1-3. 新装・居抜き×坪数帯の総額レンジ目安
以下は、一般的に言われている坪単価をもとにした総額イメージです。実際の金額は立地・設備グレード・施工会社によって大きく変動するため、あくまで予算感をつかむための目安としてご覧ください。
| 坪数(目安の席数) | 新装(スケルトン)総額目安 | 居抜き(美容室からの居抜き)総額目安 |
|---|---|---|
| 5坪(1〜2席) | 300万〜600万円程度 | 100万〜300万円程度 |
| 10坪(2〜4席) | 500万〜1,000万円程度 | 200万〜500万円程度 |
| 15坪(4〜6席) | 800万〜1,500万円程度 | 300万〜700万円程度 |
| 20坪(6〜8席) | 1,000万〜2,000万円程度 | 400万〜900万円程度 |
※上記は什器・サイン工事・設計費を含めた総額としての目安レンジであり、施工会社・地域・設備グレードにより上下します。必ず複数社から見積もりを取り、実勢価格を確認してください。
一般的に、居抜きは新装の3〜6割程度の費用感で収まることが多いと言われますが、これは前テナントの設備をどれだけ流用できるかに大きく左右されます。この点は次章で詳しく解説します。
2. 新装(スケルトン)工事の費用相場と内訳
2-1. スケルトンが高くなる理由(給排水・電気容量の引き込みから必要)
新装工事、いわゆる「スケルトン物件」からの内装工事は、床・壁・天井が構造躯体むき出しの状態から全てを作り込むため、居抜きに比べて費用がかさみやすい傾向にあります。特に美容室特有のコスト増要因として以下が挙げられます。
- 給排水設備の新設: シャンプー台の台数分、給水・排水管を新たに引き込む必要があり、床の配管ルート次第では床の一部を掘削する工事が発生することもあります
- 電気容量の増設: ドライヤー・スタイリング機器・空調を同時使用する美容室は一般的なテナントより電気容量を必要とすることが多く、電力会社への申請を含む増設工事が必要になる場合があります
- 給湯設備: シャンプー台用の給湯器設置(ガス・電気いずれか)も新設が前提になります
- 内装制限対応: 用途・面積によっては建築基準法上の内装制限(不燃材料の使用義務など)を満たす仕上げ材を選定する必要があります
2-2. 内訳表(設計/解体/内装仕上げ/電気・給排水設備/什器/サイン)
新装工事の総額に対する費用配分は、一般的に以下のようなイメージで語られることが多いです。
| 項目 | 内容 | 総額に占める割合の目安 |
|---|---|---|
| 設計・監理費 | 図面作成、現場管理、確認申請対応 | 5〜10%程度 |
| 解体・下地工事 | 既存内装の撤去、床・壁の下地づくり | 10〜15%程度 |
| 内装仕上げ工事 | 床材・壁紙・天井・建具・造作家具 | 25〜35%程度 |
| 電気設備工事 | 配線・照明・コンセント増設・分電盤 | 10〜15%程度 |
| 給排水・空調設備工事 | シャンプー台配管・給湯・換気・空調 | 15〜20%程度 |
| 什器・備品 | セット椅子・シャンプーユニット・鏡・レジ台 | 10〜20%程度 |
| サイン・外装工事 | 看板・ファサード・入口サイン | 3〜8%程度 |

什器やサイン工事は「内装工事」の見積もりに含まれず別発注になることも多いため、開業予算全体を組む際は内装工事費だけでなく、什器・サイン・什器搬入費・開業前の広告費なども合わせて資金計画を立てることが重要です。資金調達の考え方は別記事で詳しく扱っています。

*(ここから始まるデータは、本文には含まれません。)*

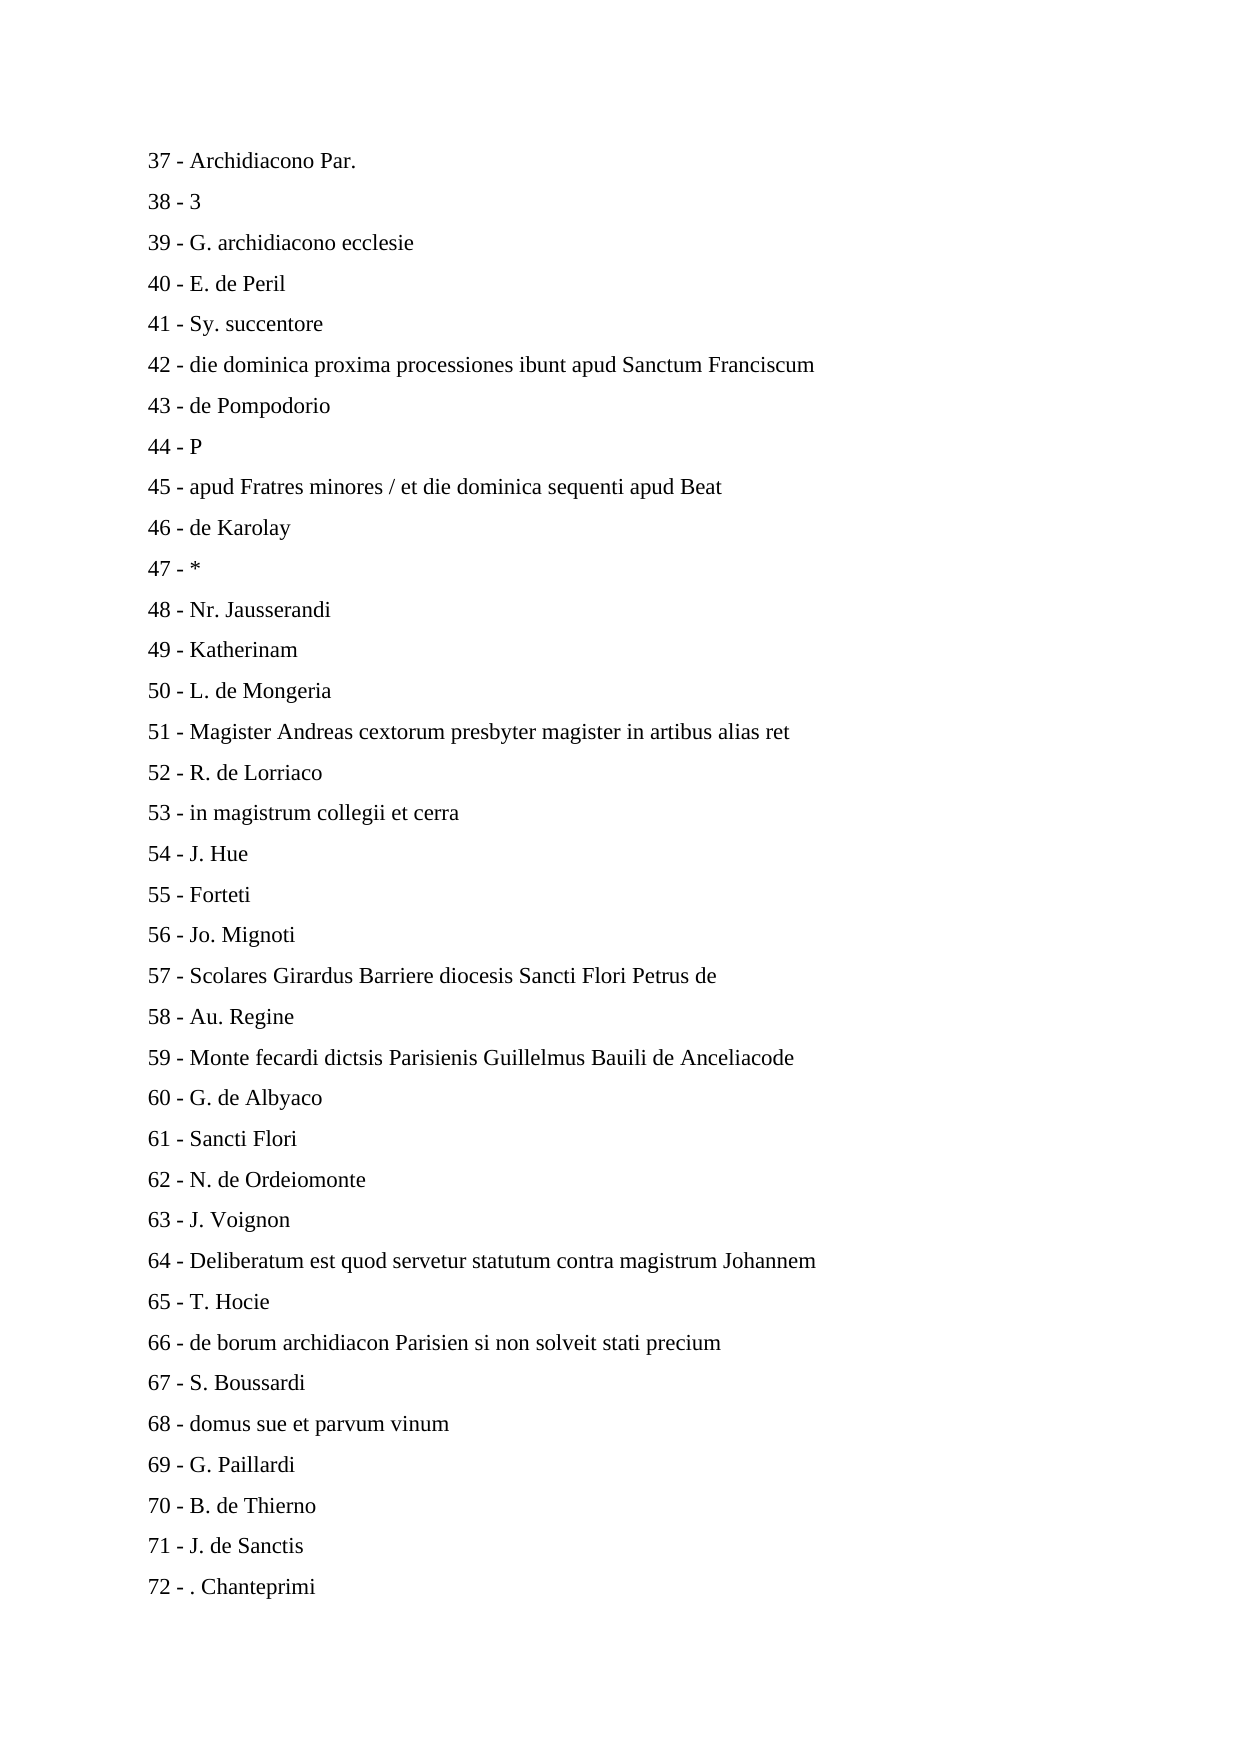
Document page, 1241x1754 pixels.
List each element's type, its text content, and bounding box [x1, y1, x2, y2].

3. 居抜き物件の内装費用相場と「安く見えて高くつく」落とし穴
3-1. 前テナント用途による差(美容室居抜き/他業種居抜き)
居抜き物件は、前テナントが残した内装・設備をそのまま、または一部改修して利用できるため、新装に比べて費用を大きく抑えられる可能性があります。ただし、その効果は前テナントの業種によって大きく変わります。
- 美容室からの居抜き: シャンプー台・セット面・給排水配管・電気容量がそのまま使える可能性が高く、最もコストメリットが出やすいパターンです
- 他業種(飲食店・物販店など)からの居抜き: 給排水・電気容量が美容室仕様になっていないため、結局スケルトンに近い設備工事が必要になり、想定より費用が膨らむことがあります
内見の段階で「これは美容室居抜きなのか、それとも設備だけ活用できる他業種居抜きなのか」を必ず確認し、施工会社に現地調査してもらった上で見積もりを取ることが重要です。
3-2. 実務あるある(残置設備の老朽化・容量不足・シャンプー台移設・原状回復義務)
居抜きで想定外の費用が発生しやすい典型パターンを挙げます。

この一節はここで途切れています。